■ Material for the task
□ □ □ □ □

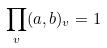Convert formula to latex. <formula><loc_0><loc_0><loc_500><loc_500>\prod _ { v } ( a , b ) _ { v } = 1</formula> 
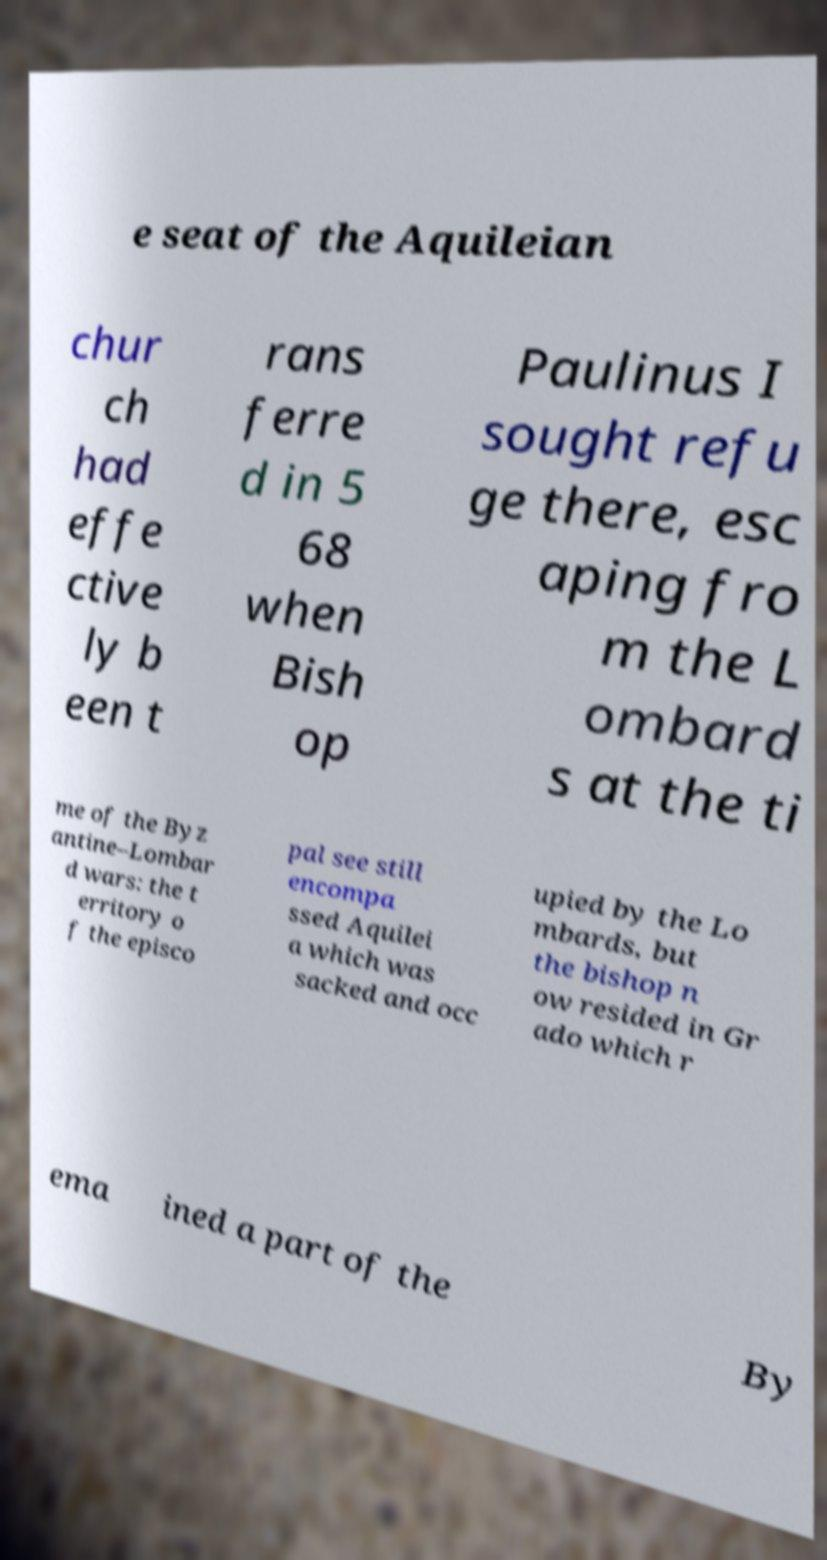Could you assist in decoding the text presented in this image and type it out clearly? e seat of the Aquileian chur ch had effe ctive ly b een t rans ferre d in 5 68 when Bish op Paulinus I sought refu ge there, esc aping fro m the L ombard s at the ti me of the Byz antine–Lombar d wars: the t erritory o f the episco pal see still encompa ssed Aquilei a which was sacked and occ upied by the Lo mbards, but the bishop n ow resided in Gr ado which r ema ined a part of the By 
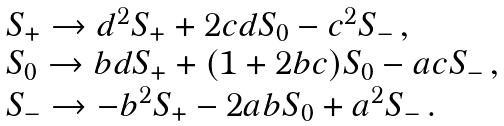Convert formula to latex. <formula><loc_0><loc_0><loc_500><loc_500>\begin{array} { l } { { S _ { + } \rightarrow d ^ { 2 } S _ { + } + 2 c d S _ { 0 } - c ^ { 2 } S _ { - } \, , } } \\ { { S _ { 0 } \rightarrow b d S _ { + } + ( 1 + 2 b c ) S _ { 0 } - a c S _ { - } \, , } } \\ { { S _ { - } \rightarrow - b ^ { 2 } S _ { + } - 2 a b S _ { 0 } + a ^ { 2 } S _ { - } \, . } } \end{array}</formula> 
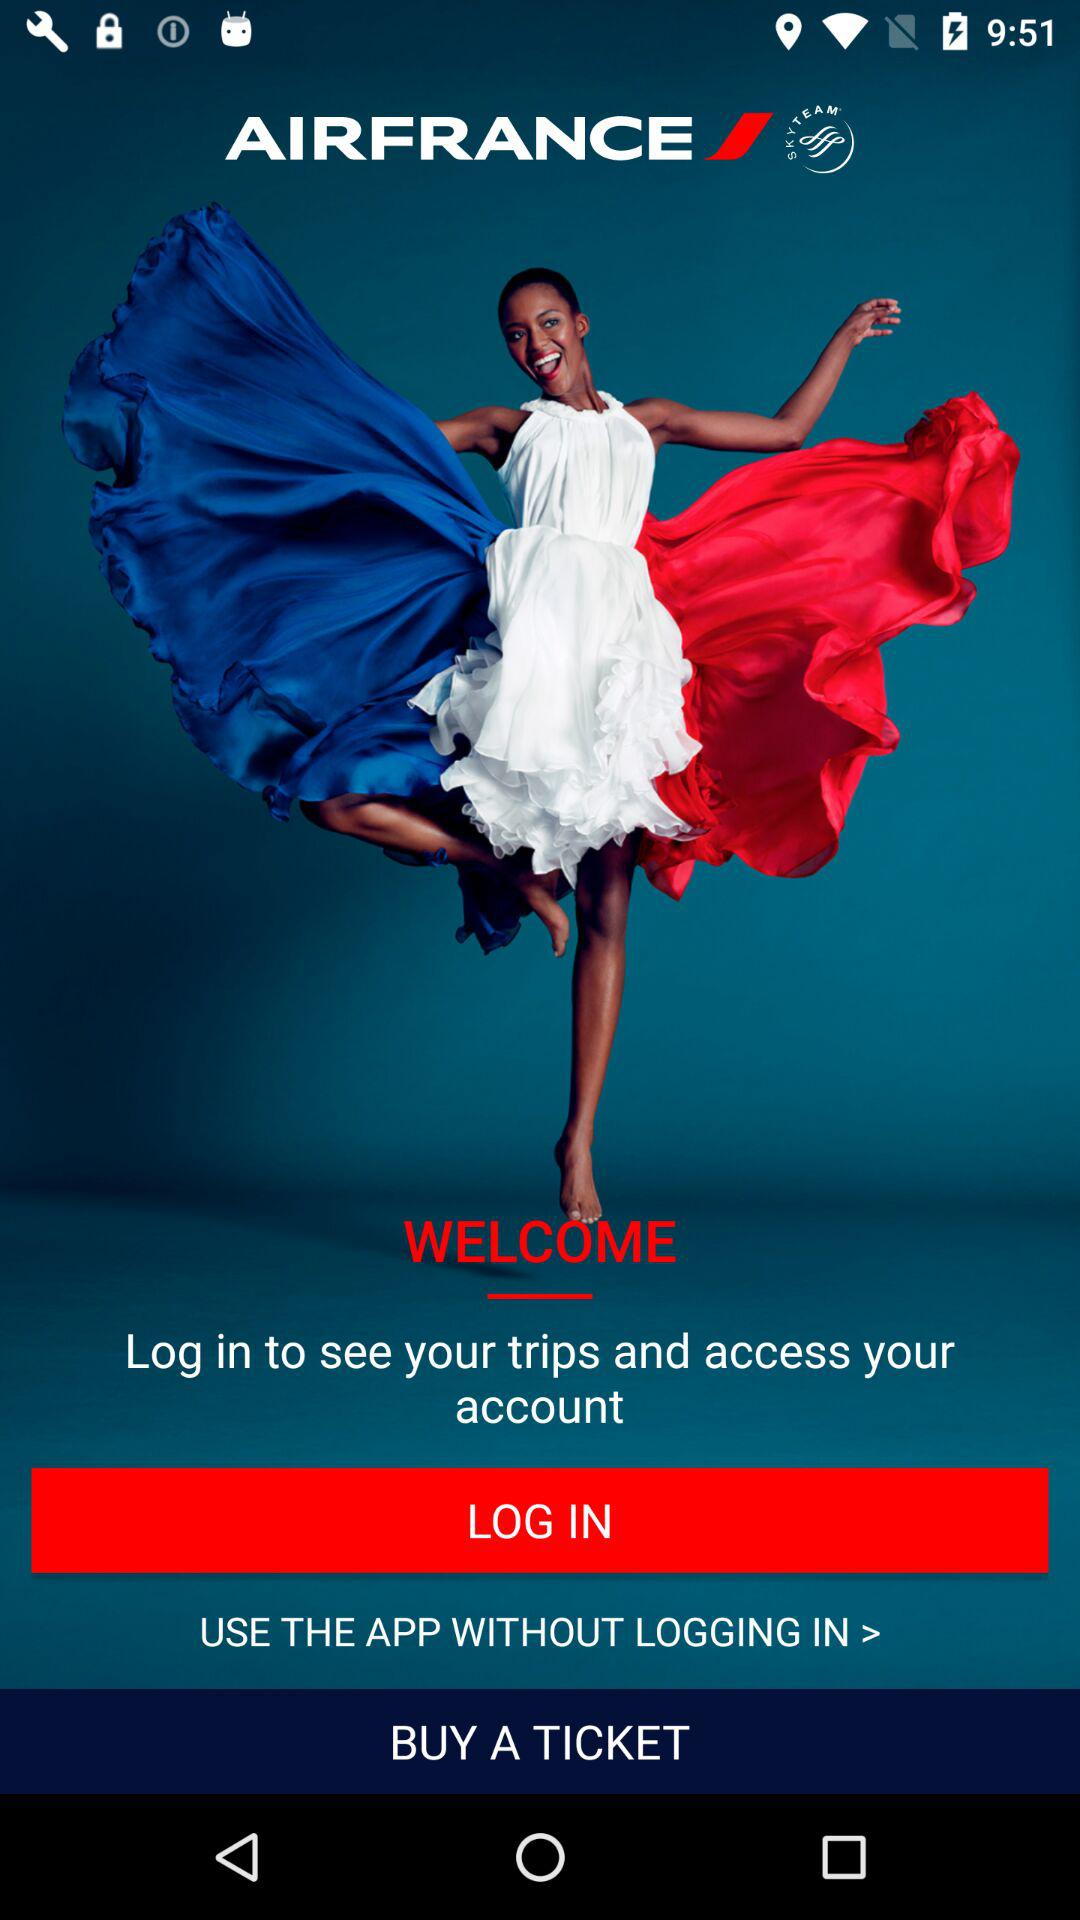How to login without using an application?
When the provided information is insufficient, respond with <no answer>. <no answer> 
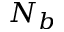<formula> <loc_0><loc_0><loc_500><loc_500>N _ { b }</formula> 
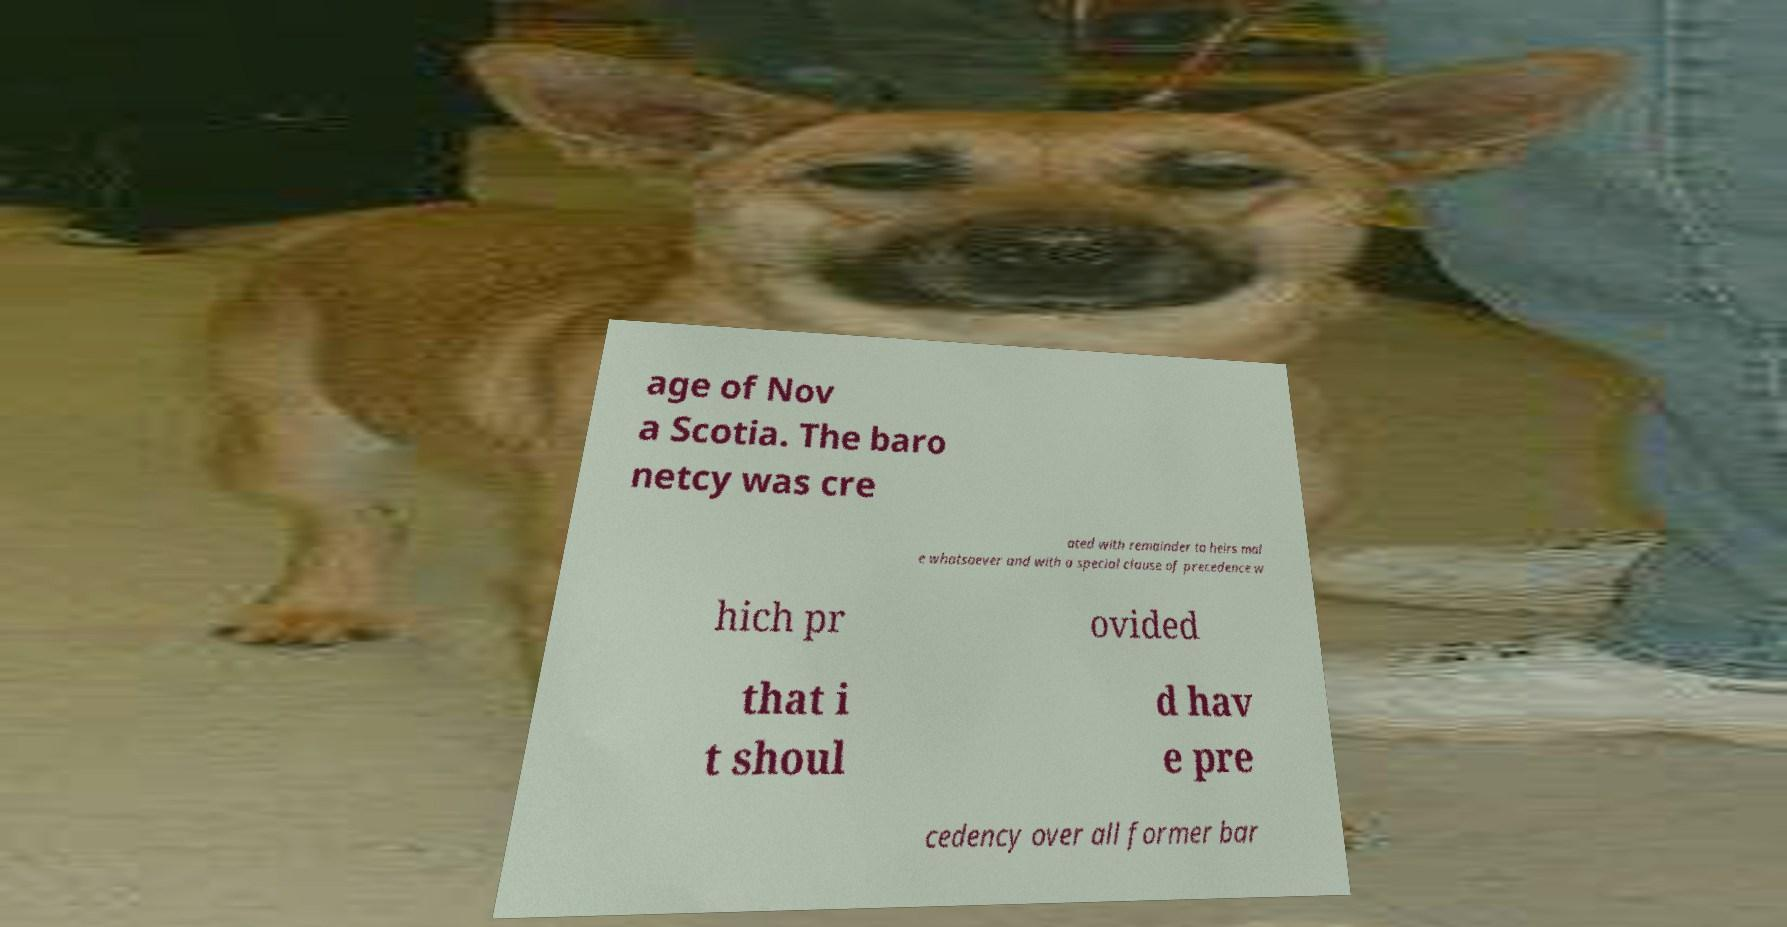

□ □ □ □ □

■ Instructions to follow
Reproduce all of the entries above word for word, but leave out their pictures.

■ Task answer
Convert formula to latex. <formula><loc_0><loc_0><loc_500><loc_500>\prod _ { v } ( a , b ) _ { v } = 1</formula> 
Could you assist in decoding the text presented in this image and type it out clearly? e seat of the Aquileian chur ch had effe ctive ly b een t rans ferre d in 5 68 when Bish op Paulinus I sought refu ge there, esc aping fro m the L ombard s at the ti me of the Byz antine–Lombar d wars: the t erritory o f the episco pal see still encompa ssed Aquilei a which was sacked and occ upied by the Lo mbards, but the bishop n ow resided in Gr ado which r ema ined a part of the By 
Convert formula to latex. <formula><loc_0><loc_0><loc_500><loc_500>\begin{array} { l } { { S _ { + } \rightarrow d ^ { 2 } S _ { + } + 2 c d S _ { 0 } - c ^ { 2 } S _ { - } \, , } } \\ { { S _ { 0 } \rightarrow b d S _ { + } + ( 1 + 2 b c ) S _ { 0 } - a c S _ { - } \, , } } \\ { { S _ { - } \rightarrow - b ^ { 2 } S _ { + } - 2 a b S _ { 0 } + a ^ { 2 } S _ { - } \, . } } \end{array}</formula> 
How to login without using an application?
When the provided information is insufficient, respond with <no answer>. <no answer> 
<formula> <loc_0><loc_0><loc_500><loc_500>N _ { b }</formula> 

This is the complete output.